Acaba çocuğunuza genel olarak baktığınızda “hiç bir şey anlamayan çocuk” mu? Yada “aptal bir çocuk” mu? Peki ya “rezillik kaynağı bir çocuk” mu? Elbette değil ama biraz önce kızarken çocuğunuza karşı kurduğunuz cümleler, çocuğunuz tarafından bu şekilde algılanıyor ve zamanla davranışlarına yansıyor. Çünkü kızarken kurduğumuz bu cümleler çocuğun kişiliğiyle ilgili cümlelerdi. Çocuklara ve gençlere karşı olan iletişimlerde kurduğumuz cümleler çocuğumuzun kişiliğini hedef almamalı.
Öyle ki bu durum Said Nursi’nin insana bakışında insanı sıfatlara ayırarak, o insanı değerlendirmek gerektiği gerçeğini hatırlatıyor. Bir gemide dokuz masum bir cani bulunsa o gemi yine de batırılmaz, diyerek bu bakış açısını en güzel biçimde somutlaştırarak ifade ediyor. Bu bağlamda karşıda ki insana verilen tepkilerde, insan bir bütün olarak ele alınmalıdır. Birçok iyi yönü olan çocuğumuza da bu pencereden bakmamız gerekiyor. Bir davranışıyla, tüm güzel yönlerini “anlayışsızlık, aptallık ve rezillik” etiketlerine mahkum etmememiz gerekiyor. Yaptığı bir yanlışla “aptal etiketi” alan bir çocuğun akıllıca yaptığı ve sizi mutlu eden iyi bütün davranışları da bu etiketle birlikte “aptallık etiketine” mahkum edilmiş oluyor.
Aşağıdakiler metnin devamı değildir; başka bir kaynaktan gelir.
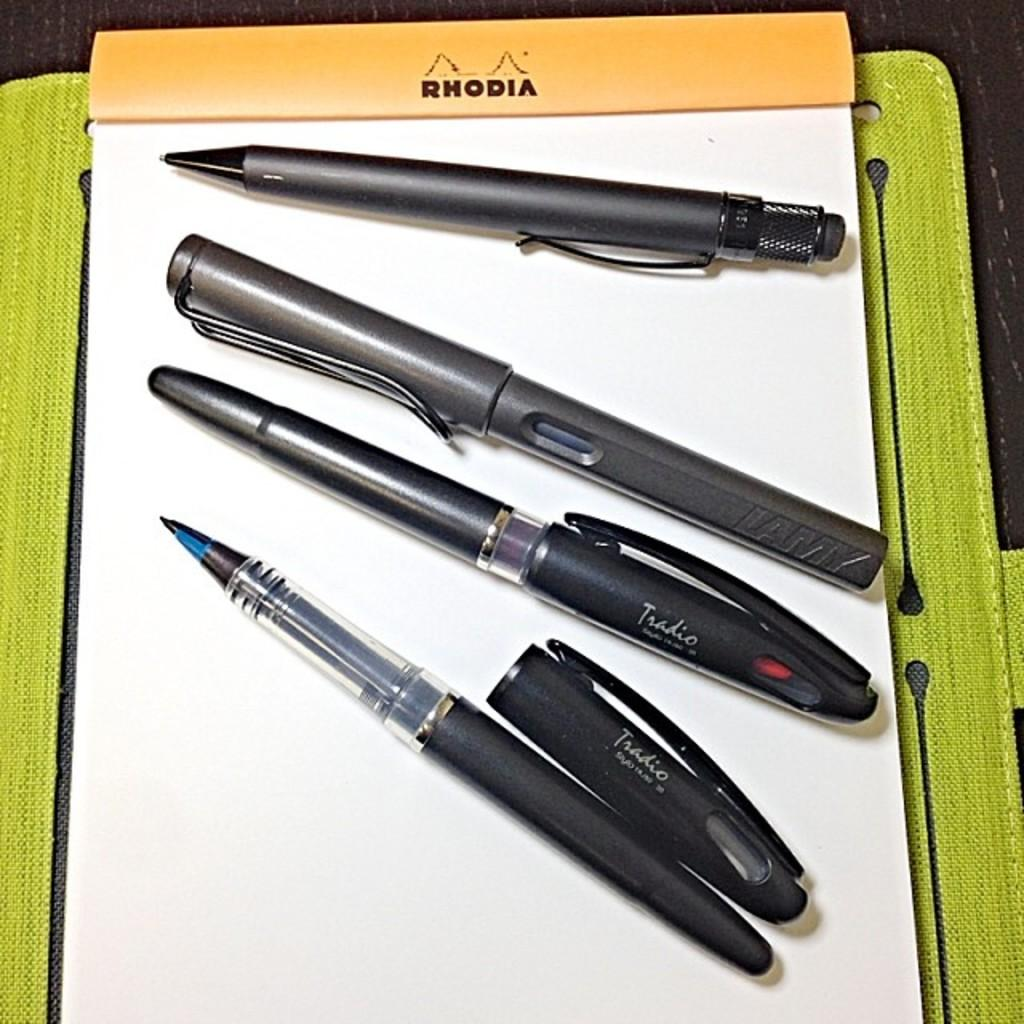What writing instruments are visible in the image? There are pens in the image. What type of object contains text in the image? There is a book with text in the image. Can you describe the color of any object in the image? Yes, there is an object that is green in color. What type of root can be seen growing from the book in the image? There is no root growing from the book in the image; it is a book with text and no roots are present. 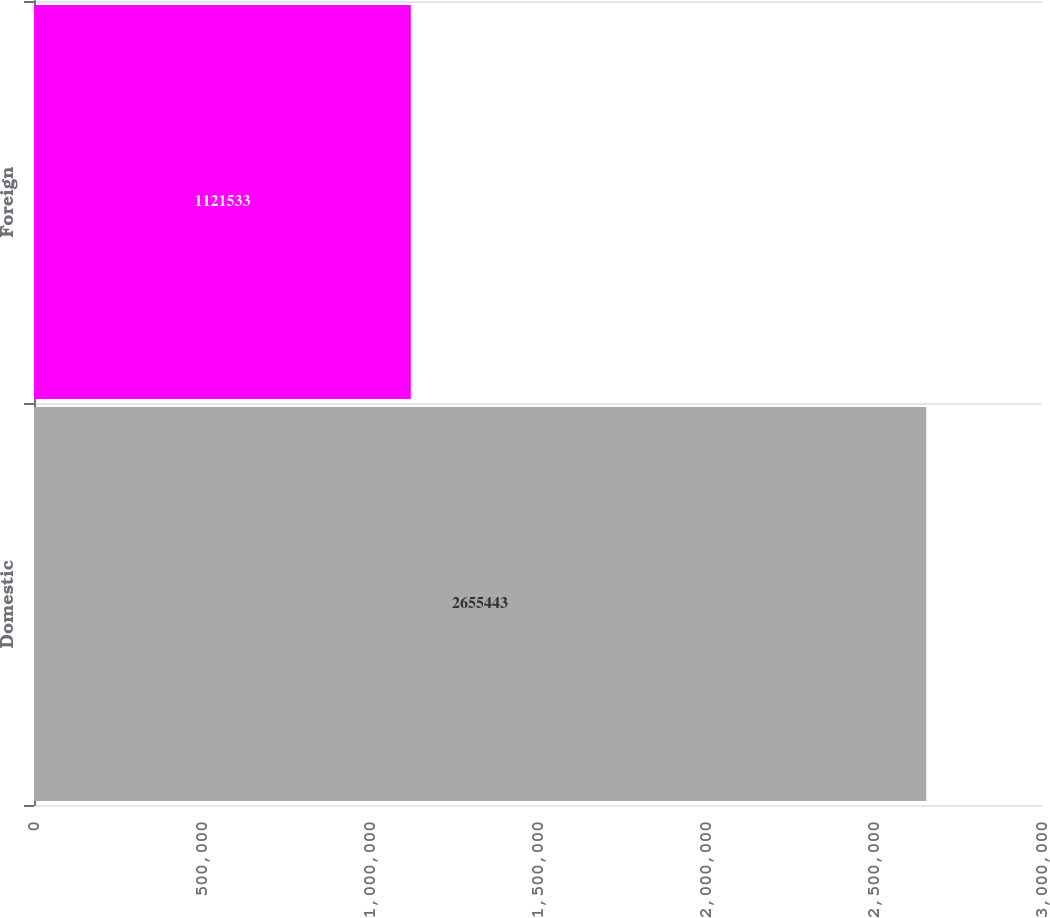Convert chart. <chart><loc_0><loc_0><loc_500><loc_500><bar_chart><fcel>Domestic<fcel>Foreign<nl><fcel>2.65544e+06<fcel>1.12153e+06<nl></chart>

Tüm suç bizim de hırsızın hiç mi suçu yok, dersek; elbette çocuğumuza gerektiğinde ORANTILI TEPKİ vereceğiz. Kızmamızı gerektiren bir davranış sergiliyorsa çocuğumuza elbette kızmamız gerekir. Ancak çocuğumuzun kişiliğini hedef alan bir cümle kurarsak bu orantısız bir tepki olur, çünkü bu tepki kişiliğini bozma tehlikesine götürebilecek kadar büyük bir yanlıştır. Bunun yerine yaptığı davranışa kızmak gerekir. Yine Said Nursi’nin her şeye bu bakış açısıyla bakması dikkate değer bir meseledir. İnsanı iyi ve kötü yönleriyle ayırmakla kalmaz, Avrupa ve felsefe gibi objeleri dahi iyiliklerini ve kötülüklerini ayrıştırarak ele alır. Aynen bu şekilde bizde bir davranışı çocuğumuzun iyi ve güzel davranışlarından ayırarak ele almamız gerekir. Mesela ‘ne yaramaz bir çocuksun’ yerine ‘bu yaptığın davranış hem Ayşe Teyzeleri hem de beni çok kırdı ve çok üzüldük’ cümlesiyle kızgınlık ve kırılganlık çocuğa iletilebilir. Kısaca bir cümle ile özetlemek gerekirse, çocuğumuza karşı vereceğimiz olumsuz tepkilerde çocuğumuzun kişiliğini hedef alan değil, yaptığı yanlış davranışı hedef alan –yaşa uygun- cümleler kurmamız gerekir.